Inside the package, there is a class called JwtSecurityTokenHandler , which comes from System.IdentityModel.Tokens.SecurityTokenHandler . In WIF, this is the main class for deserializing and serializing security tokens.

The class has a ReadToken(String) method that will take your base64 encoded JWT string and return a SecurityToken that represents the JWT.

SecurityTokenHandler also has a ValidateToken(SecurityToken) method that takes your SecurityToken and creates ReadOnlyCollection<ClaimsIdentity> . Typically for a JWT, this will contain a single ClaimsIdentity object that has a set of claims representing the properties of the original JWT.

JwtSecurityTokenHandler defines some additional overloads for the ValidateToken , in particular, it has the ClaimsPrincipal ValidateToken(JwtSecurityToken, TokenValidationParameters) . The TokenValidationParameters argument allows TokenValidationParameters to specify a token signing certificate (in the form of an X509SecurityTokens list). It also has an overload that accepts the JWT as a string , not a SecurityToken .

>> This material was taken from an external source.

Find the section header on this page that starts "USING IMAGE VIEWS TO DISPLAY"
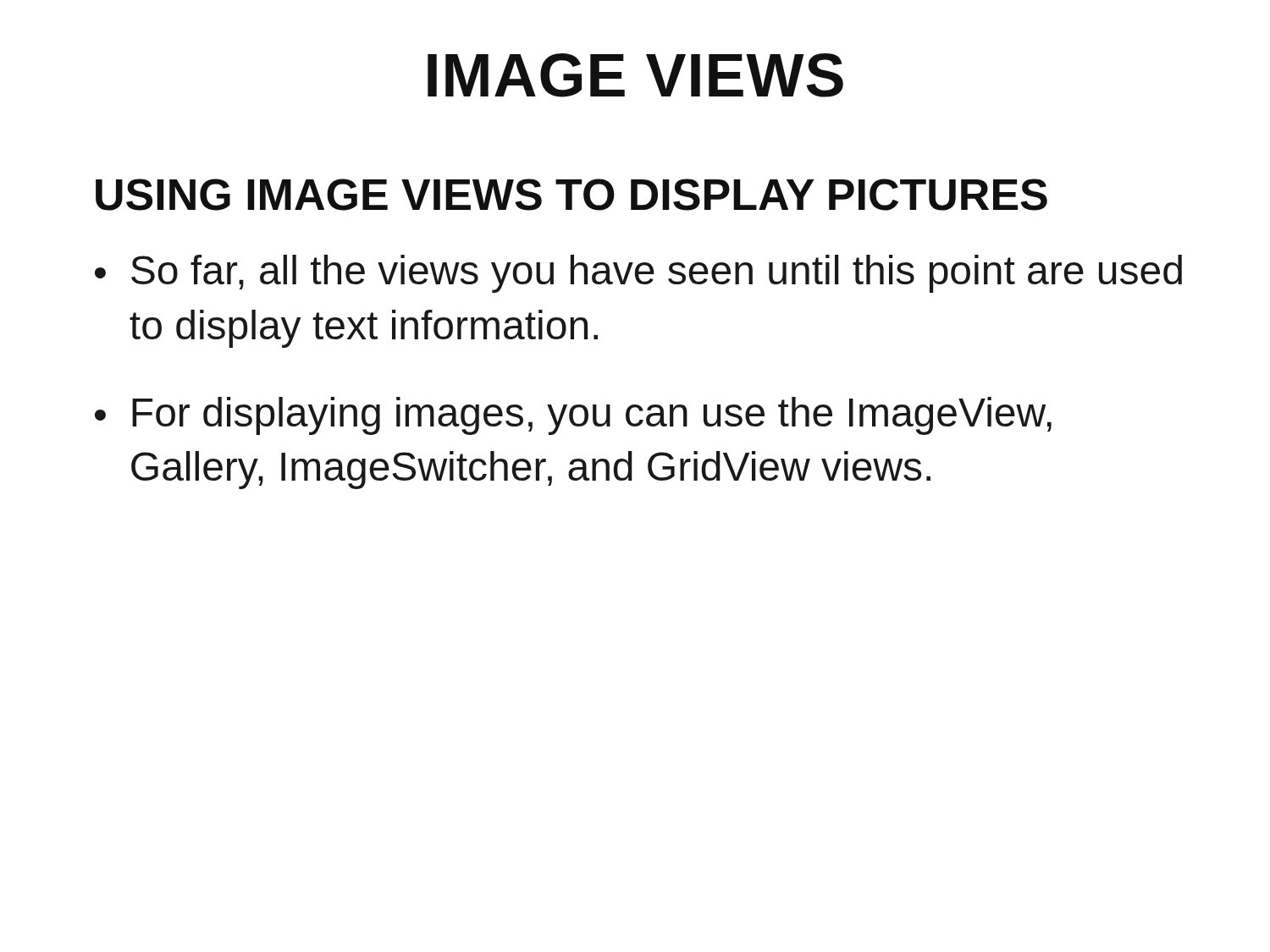Screen dimensions: 952x1270 point(571,195)

The code for this is quite complicated, but it can be found in the Global.asax.cx ( TokenValidationHandler class) code in the developerโ€™s example, called "ADAL - Native App to REST service - ACS authentication through the browser dialog" located in

http://code.msdn.microsoft.com/AAL-Native-App-to-REST-de57f2cc

As an alternative, the JwtSecurityToken class has additional methods that do not apply to the SecurityToken base class, for example, the Claims property, which receives the claims contained in it without passing through the ClaimsIdentity collection. It also has a Payload property, which returns a JwtPayload object that allows you to get the original JSON of the token. It depends on your scenario that suits him best.

The general (i.e. not JWT-specific) documentation for the SecurityTokenHandler class is in

http://msdn.microsoft.com/en-us/library/system.identitymodel.tokens.securitytokenhandler.aspx

Depending on your application, you can configure the JWT handler in the WIF pipeline just like any other handler.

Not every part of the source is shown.